--- HOW TO COMPLETE THIS TASK ---
In the records below, find the line with "123.8v2M39.5 128.2v2M39.5 123.9v1.9M39.5" and the line with "128.2v1.1M40.1 124.8v1M40.1 128.2v1M40.1". Print both exactly, along with every line between them, and no other line.

[[ DATA EXTRACTS, beginning ]]

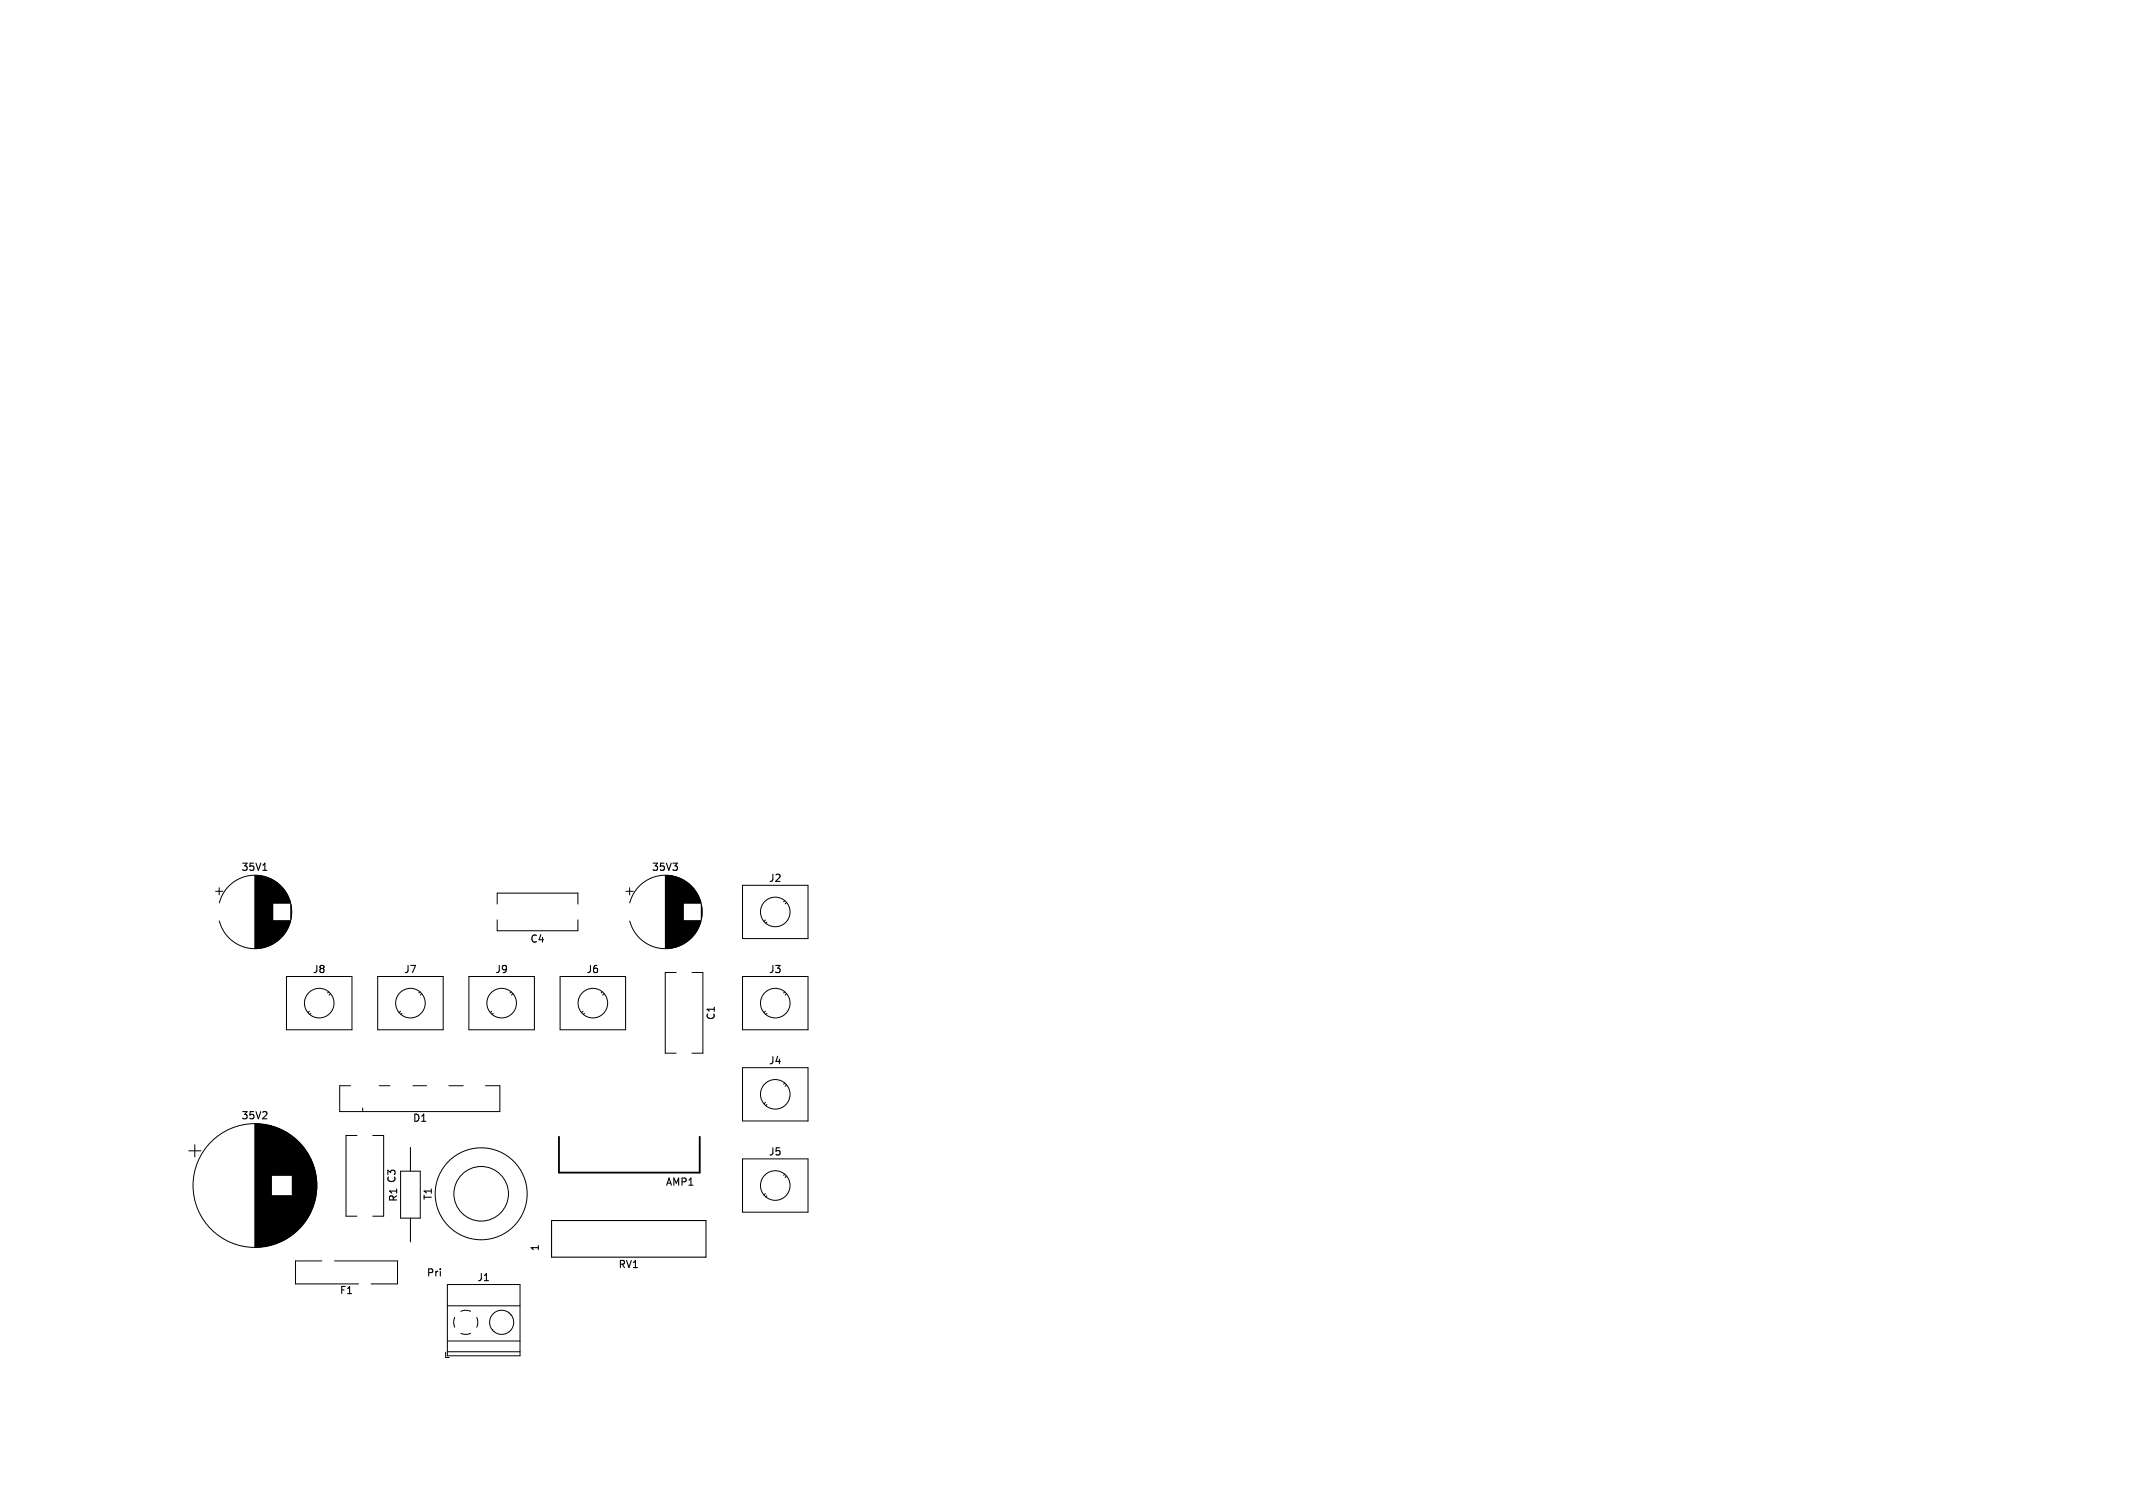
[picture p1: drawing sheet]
<svg xmlns="http://www.w3.org/2000/svg" width="297mm" height="210mm" viewBox="0 0 297 210" stroke-linecap="round" stroke-linejoin="round" font-family="sans-serif">
<defs><g id="words">
<g font-size="1.4">
<text x="33.6" y="121.4">35V1</text>
<text x="90.7" y="121.4">35V3</text>
<text x="107" y="123">J2</text>
<text x="73.8" y="131.4">C4</text>
<text x="43.5" y="135.7">J8</text>
<text x="56.2" y="135.7">J7</text>
<text x="68.9" y="135.7">J9</text>
<text x="81.6" y="135.7">J6</text>
<text x="107" y="135.7">J3</text>
<text x="99.7" y="142.1" transform="rotate(-90 99.7 142.1)">C1</text>
<text x="107" y="148.4">J4</text>
<text x="33.6" y="156">35V2</text>
<text x="57.4" y="156.4">D1</text>
<text x="107" y="161.1">J5</text>
<text x="55.5" y="167.4" transform="rotate(-90 55.5 167.4)">R1 C3</text>
<text x="60.3" y="167.2" transform="rotate(-90 60.3 167.2)">T1</text>
<text x="92.6" y="165.3">AMP1</text>
<text x="59.4" y="177.9">Pri</text>
<text x="66.4" y="178.6">J1</text>
<text x="75.2" y="174.3" transform="rotate(-90 75.2 174.3)">1</text>
<text x="86.1" y="176.8">RV1</text>
<text x="47.3" y="180.4">F1</text>
</g>
</g></defs>
<path d="M36.6 121.2h.6M76.8 170h21.5v5.1h-21.5z" fill="none" stroke="#000" stroke-width=".15"/>
<g fill="none" stroke="#000" stroke-width=".14">
<path d="M30 124.1h1M30.5 123.6v1M30.5 125.7a5.1 5.1 0 0 1 7.9-2.9 5.1 5.1 0 0 1 0 8.4 5.1 5.1 0 0 1-7.9-2.9M35.5 121.9v10.2M35.6 121.9v10.2M35.7 121.9v10.2M35.8 121.9v10.2M35.9 121.9v10.2M36 121.9v10.2M36.1 121.9v10.2M36.1 122v10M36.2 122v10"/>
<path d="M36.3 122v10M36.4 122v10M36.5 122v10M36.6 122v10M36.7 122.1v9.8M36.8 122.1v9.8M36.9 122.1v9.8M37 122.1v9.8M37 122.2v9.6M37.1 122.2v9.6M37.2 122.2v9.6M37.3 122.2v9.6"/>
<path d="M37.3 122.3v9.4M37.4 122.3v9.4M37.5 122.3v9.4M37.6 122.4v9.2M37.7 122.4v9.2M37.8 122.5v9M37.9 122.5v9M38 122.6v8.8M38 122.6v3.2M38 128.2v3.2M38.1 122.6v3.2M38.1 128.2v3.2"/>
<path d="M38.1 122.7v3.1M38.1 128.2v3.1M38.2 122.7v3.1M38.2 128.2v3.1M38.3 122.7v3.1M38.3 128.2v3.1M38.3 122.8v3M38.3 128.2v3M38.4 122.8v3M38.4 128.2v3M38.5 122.9v2.9M38.5 128.2v2.9"/>
<path d="M38.6 122.9v2.9M38.6 128.2v2.9M38.6 123v2.8M38.6 128.2v2.8M38.7 123v2.8M38.7 128.2v2.8M38.7 123.1v2.7M38.7 128.2v2.7M38.8 123.1v2.7M38.8 128.2v2.7M38.9 123.2v2.6M38.9 128.2v2.6"/>
<path d="M39 123.3v2.5M39 128.2v2.5M39.1 123.4v2.4M39.1 128.2v2.4M39.2 123.5v2.3M39.2 128.2v2.3M39.3 123.6v2.2M39.3 128.2v2.2M39.3 123.7v2.1M39.3 128.2v2.1M39.4 123.7v2.1M39.4 128.2v2.1"/>
<path d="M39.5 123.8v2M39.5 128.2v2M39.5 123.9v1.9M39.5 128.2v1.9M39.6 123.9v1.9M39.6 128.2v1.9M39.6 124v1.8M39.6 128.2v1.8M39.7 124.1v1.7M39.7 128.2v1.7M39.7 124.2v1.6M39.7 128.2v1.6"/>
<path d="M39.8 124.2v1.6M39.8 128.2v1.6M39.8 124.3v1.5M39.8 128.2v1.5M39.9 124.4v1.4M39.9 128.2v1.4M39.9 136h9.1v7.4h-9.1zM39.9 124.5v1.3M39.9 128.2v1.3M40 124.6v1.2M40 128.2v1.2M40.1 124.7v1.1"/>
<path d="M40.1 128.2v1.1M40.1 124.8v1M40.1 128.2v1M40.1 124.9v.9M40.1 128.2v.9M40.2 125v.8M40.2 128.2v.8M40.2 125.1v.7M40.2 128.2v.7M40.3 125.2v.6M40.3 128.2v.6M40.3 125.3v.5"/>
<path d="M40.3 128.2v.5M40.3 125.4v.4M40.3 128.2v.4M40.4 125.5v.3M40.4 128.2v.3M40.4 125.6v.2M40.4 128.2v.2M40.5 125.9v2.2M40.5 126.1v1.8M40.6 126.4v1.2M45.8 138.1l-.2 .2M46 138.4l-.2 .2"/>
<path d="M52.6 136h9.1v7.4h-9.1zM58.5 138.1l-.2 .2M58.7 138.4l-.2 .2M65.3 136h9.1v7.4h-9.1zM69.2 125.9v-1.5h11.3v1.5M69.2 128.1v1.5h11.3v-1.5M71.2 138.1l-.2 .2M71.4 138.4l-.2 .2M78 136h9.1v7.4h-9.1zM83.9 138.1l-.2 .2M84.1 138.4l-.2 .2M87.2 124.1h1"/>
<path d="M87.7 123.6v1M87.7 125.7a5.1 5.1 0 0 1 7.9-2.9 5.1 5.1 0 0 1 0 8.4 5.1 5.1 0 0 1-7.9-2.9M92.7 121.9v10.2M92.8 121.9v10.2M92.9 121.9v10.2M93 121.9v10.2M93.1 121.9v10.2M93.2 121.9v10.2M93.3 122v10M93.4 122v10M93.5 122v10M93.6 122v10"/>
<path d="M93.7 122v10M93.8 122v10M93.8 122.1v9.8M93.9 122.1v9.8M94 122.1v9.8M94.1 122.1v9.8M94.1 135.4h-1.5v11.3h1.5M94.2 122.2v9.6M94.3 122.2v9.6M94.4 122.2v9.6M94.5 122.2v9.6M94.5 122.3v9.4"/>
<path d="M94.6 122.3v9.4M94.7 122.3v9.4M94.7 122.4v9.2M94.8 122.4v9.2M94.9 122.4v9.2M94.9 122.5v9M95 122.5v9M95.1 122.5v9M95.1 122.6v8.8M95.2 122.6v3.2M95.2 128.2v3.2M95.3 122.6v3.2"/>
<path d="M95.3 128.2v3.2M95.3 122.7v3.1M95.3 128.2v3.1M95.4 122.7v3.1M95.4 128.2v3.1M95.5 122.8v3M95.5 128.2v3M95.6 122.8v3M95.6 128.2v3M95.6 122.9v2.9M95.6 128.2v2.9M95.7 122.9v2.9"/>
<path d="M95.7 128.2v2.9M95.8 123v2.8M95.8 128.2v2.8M95.9 123v2.8M95.9 128.2v2.8M95.9 123.1v2.7M95.9 128.2v2.7M96 123.1v2.7M96 128.2v2.7M96 123.2v2.6M96 128.2v2.6M96.1 123.2v2.6"/>
<path d="M96.1 128.2v2.6M96.1 123.3v2.5M96.1 128.2v2.5M96.2 123.3v2.5M96.2 128.2v2.5M96.2 123.4v2.4M96.2 128.2v2.4M96.3 123.4v2.4M96.3 128.2v2.4M96.3 123.5v2.3M96.3 128.2v2.3M96.4 135.4h1.5v11.3h-1.5"/>
<path d="M96.4 123.5v2.3M96.4 128.2v2.3M96.4 123.6v2.2M96.4 128.2v2.2M96.5 123.6v2.2M96.5 128.2v2.2M96.5 123.7v2.1M96.5 128.2v2.1M96.6 123.7v2.1M96.6 128.2v2.1M96.6 123.8v2M96.6 128.2v2"/>
<path d="M96.7 123.8v2M96.7 128.2v2M96.7 123.9v1.9M96.7 128.2v1.9M96.8 124v1.8M96.8 128.2v1.8M96.8 124.1v1.7M96.8 128.2v1.7M96.9 124.1v1.7M96.9 128.2v1.7M96.9 124.2v1.6M96.9 128.2v1.6"/>
<path d="M97 124.3v1.5M97 128.2v1.5M97 124.4v1.4M97 128.2v1.4M97.1 124.4v1.4M97.1 128.2v1.4M97.1 124.5v1.3M97.1 128.2v1.3M97.1 124.6v1.2M97.1 128.2v1.2M97.2 124.6v1.2M97.2 128.2v1.2"/>
<path d="M97.2 124.7v1.1M97.2 128.2v1.1M97.3 124.8v1M97.3 128.2v1M97.3 124.9v.9M97.3 128.2v.9M97.3 125v.8M97.3 128.2v.8M97.4 125.1v.7M97.4 128.2v.7M97.4 125.2v.6M97.4 128.2v.6"/>
<path d="M97.5 125.3v.5M97.5 128.2v.5M97.5 125.4v.4M97.5 128.2v.4M97.5 125.5v.3M97.5 128.2v.3M97.6 125.6v.2M97.6 128.2v.2M97.7 125.9v2.2M97.7 126.1v1.8M97.7 126.4v1.2M103.4 136h9.1v7.4h-9.1z"/>
<path d="M103.4 123.3h9.1v7.4h-9.1zM106.6 128.1l-.2 .2M106.8 128.4l-.2 .2M109.3 138.1l-.2 .2M109.3 125.4l-.2 .2M109.5 138.4l-.2 .2M109.5 125.7l-.2 .2M27.1 159.4v1.7M35.5 156.5v17.2M35.6 156.5v17.2M35.7 156.5v17.2M35.8 156.5v17.2"/>
<path d="M35.9 156.5v17.2M36 156.5v17.2M36.1 156.5v17.2M36.2 156.5v17.2M36.2 156.6v17M36.3 156.6v17M36.4 156.6v17M36.5 156.6v17M36.6 156.6v17M36.7 156.6v17M36.8 156.6v17M36.9 156.6v17"/>
<path d="M37 156.6v17M37 156.7v16.8M37.1 156.7v16.8M37.2 156.7v16.8M37.3 156.7v16.8M37.4 156.7v16.8M37.5 156.7v16.8M37.5 156.8v16.6M37.6 156.8v16.6M37.7 156.8v16.6M37.8 156.8v16.6M37.8 156.8v6.9"/>
<path d="M37.9 156.8v6.9M37.9 156.9v6.8M38 156.9v6.8M38.1 156.9v6.8M38.2 156.9v6.8M38.2 157v6.7M38.3 157v6.7M38.4 157v6.7M38.5 157v6.7M38.5 157.1v6.6M38.6 157.1v6.6M38.7 157.1v6.6"/>
<path d="M38.7 157.2v6.5M38.8 157.2v6.5M38.9 157.2v6.5M39 157.3v6.4M39.1 157.3v6.4M39.2 157.3v6.4M39.2 157.4v6.3M39.3 157.4v6.3M39.4 157.4v6.3M39.4 157.5v6.2M39.5 157.5v6.2M39.6 157.5v6.2"/>
<path d="M39.6 157.6v6.1M39.7 157.6v6.1M39.8 157.7v6M39.9 157.7v6M39.9 157.8v5.9M40 157.8v5.9M40.1 157.8v5.9M40.1 157.9v5.8M40.2 157.9v5.8M40.3 158v5.7M40.4 158v5.7M40.4 158.1v5.6"/>
<path d="M40.5 158.1v5.6M40.6 158.2v5.5M40.7 158.2v5.5M40.7 158.3v13.6M40.8 158.3v13.6M40.8 158.4v13.4M40.9 158.4v13.4M40.9 158.5v13.2M41 158.5v13.2M41.1 158.6v13M41.2 158.7v12.8M41.3 158.7v12.8"/>
<path d="M41.3 158.8v12.6M41.4 158.8v12.6M41.4 158.9v12.4M41.5 158.9v12.4M41.5 159v12.2M41.6 159v12.2M41.6 159.1v12M41.7 159.1v12M41.7 159.2v11.8M41.8 159.2v11.8M41.8 159.3v11.6M41.9 159.3v11.6"/>
<path d="M41.9 159.4v11.4M42 159.5v11.2M42.1 159.5v11.2M42.1 159.6v11M42.2 159.7v10.8M42.3 159.8v10.6M42.3 159.9v10.4M42.4 159.9v10.4M42.4 160v10.2M43.1 140.8l-.2 .2M43.3 141.1l-.2 .2M48.8 151.2h-1.5v3.6h22.3v-3.6h-2"/>
<path d="M49.7 158.1h-1.5v11.3h1.5M50.5 154.3v.5M51.9 158.1h1.5v11.3h-1.5M52.8 151.2h1.5M55.8 140.8l-.2 .2M56 141.1l-.2 .2M57.1 159.8v3.3M57.5 151.2h1.9M62.5 151.2h2M68.5 140.8l-.2 .2M68.7 141.1l-.2 .2M81.2 140.8l-.2 .2"/>
<path d="M81.4 141.1l-.2 .2M103.4 148.7h9.1v7.4h-9.1zM106.6 153.5l-.2 .2M106.6 140.8l-.2 .2M106.8 153.8l-.2 .2M106.8 141.1l-.2 .2M109.3 150.8l-.2 .2M109.5 151.1l-.2 .2M26.3 160.3h1.7M37.8 166.5v6.9M37.9 166.5v6.9M37.9 166.5v6.8"/>
<path d="M38 166.5v6.8M38.1 166.5v6.8M38.2 166.5v6.8M38.2 166.5v6.7M38.3 166.5v6.7M38.4 166.5v6.7M38.5 166.5v6.7M38.5 166.5v6.6M38.6 166.5v6.6M38.7 166.5v6.6M38.7 166.5v6.5M38.8 166.5v6.5"/>
<path d="M38.9 166.5v6.5M39 166.5v6.4M39.1 166.5v6.4M39.2 166.5v6.4M39.2 166.5v6.3M39.3 166.5v6.3M39.4 166.5v6.3M39.4 166.5v6.2M39.5 166.5v6.2M39.6 166.5v6.2M39.6 166.5v6.1M39.7 166.5v6.1"/>
<path d="M39.8 166.5v6M39.9 166.5v6M39.9 166.5v5.9M40 166.5v5.9M40.1 166.5v5.9M40.1 166.5v5.8M40.2 166.5v5.8M40.3 166.5v5.7M40.4 166.5v5.7M40.4 166.5v5.6M40.5 166.5v5.6M40.6 166.5v5.5"/>
<path d="M40.7 166.5v5.5M42.5 160.1v10M42.5 160.2v9.8M42.6 160.2v9.8M42.6 160.3v9.6M42.7 160.3v9.6M42.7 160.4v9.4M42.7 160.5v9.2M42.8 160.5v9.2M42.8 160.6v9M42.9 160.7v8.8M42.9 160.8v8.6"/>
<path d="M43 160.9v8.4M43.1 161v8.2M43.1 161.1v8M43.2 161.2v7.8M43.2 161.3v7.6M43.3 161.4v7.4M43.3 161.5v7.2M43.3 161.6v7M43.4 161.6v7M43.4 161.7v6.8M43.5 161.8v6.6M43.5 161.9v6.4"/>
<path d="M43.5 162v6.2M43.6 162.1v6M43.6 162.2v5.8M43.7 162.4v5.4M43.7 162.5v5.2M43.7 162.6v5M43.8 162.7v4.8M43.8 162.9v4.4M43.9 163v4.2M43.9 163.2v3.8M43.9 163.4v3.4M44 163.6v3"/>
<path d="M44 163.8v2.6M44.1 164.1v2M44.1 164.6v1M44.8 175.6h-3.6v3.2h8.7M46.6 175.6h8.7v3.2h-3.6M55.8 163.1h2.7v6.5h-2.7zM57.1 169.6v3.4M62.3 178.9h10.1v9.9h-10.1zM103.4 161.4h9.1v7.4h-9.1zM106.6 166.2l-.2 .2M106.8 166.5l-.2 .2M109.3 163.5l-.2 .2"/>
<path d="M109.5 163.8l-.2 .2M62 188.3v.7h.6M62.3 186.8h10.1M62.3 181.8h10.1M62.3 188.2h10.1M63.3 183.5l-.1 .6 .1 .7M64.2 185.7l.7 .1M64.2 182.6l.7-.1 .6 .1M65.5 185.7l-.6 .1M66.4 183.5l.1 .7-.1 .6M68.6 185.2h.1M68.8 185.4h.1"/>
<path d="M70.9 182.9h.1M71.1 183.1h.1"/>
<circle cx="44.4" cy="139.7" r="2.06"/>
<circle cx="57.1" cy="139.7" r="2.06"/>
<circle cx="69.8" cy="139.7" r="2.06"/>
<circle cx="82.5" cy="139.7" r="2.06"/>
<circle cx="107.9" cy="127" r="2.06"/>
<circle cx="107.9" cy="139.7" r="2.06"/>
<circle cx="107.9" cy="152.4" r="2.06"/>
<circle cx="35.5" cy="165.1" r="8.6"/>
<circle cx="67" cy="166.2" r="6.4"/>
<circle cx="67" cy="166.2" r="3.8"/>
<circle cx="107.9" cy="165.1" r="2.06"/>
<circle cx="69.8" cy="184.2" r="1.68"/>
</g>
<path d="M77.8 158.3v5h19.6v-5" fill="none" stroke="#000" stroke-width=".25"/>
<use href="#words"/>
</svg>

[[ DATA EXTRACTS, end ]]

--- EXPECTED ANSWER ---
<path d="M39.5 123.8v2M39.5 128.2v2M39.5 123.9v1.9M39.5 128.2v1.9M39.6 123.9v1.9M39.6 128.2v1.9M39.6 124v1.8M39.6 128.2v1.8M39.7 124.1v1.7M39.7 128.2v1.7M39.7 124.2v1.6M39.7 128.2v1.6"/>
<path d="M39.8 124.2v1.6M39.8 128.2v1.6M39.8 124.3v1.5M39.8 128.2v1.5M39.9 124.4v1.4M39.9 128.2v1.4M39.9 136h9.1v7.4h-9.1zM39.9 124.5v1.3M39.9 128.2v1.3M40 124.6v1.2M40 128.2v1.2M40.1 124.7v1.1"/>
<path d="M40.1 128.2v1.1M40.1 124.8v1M40.1 128.2v1M40.1 124.9v.9M40.1 128.2v.9M40.2 125v.8M40.2 128.2v.8M40.2 125.1v.7M40.2 128.2v.7M40.3 125.2v.6M40.3 128.2v.6M40.3 125.3v.5"/>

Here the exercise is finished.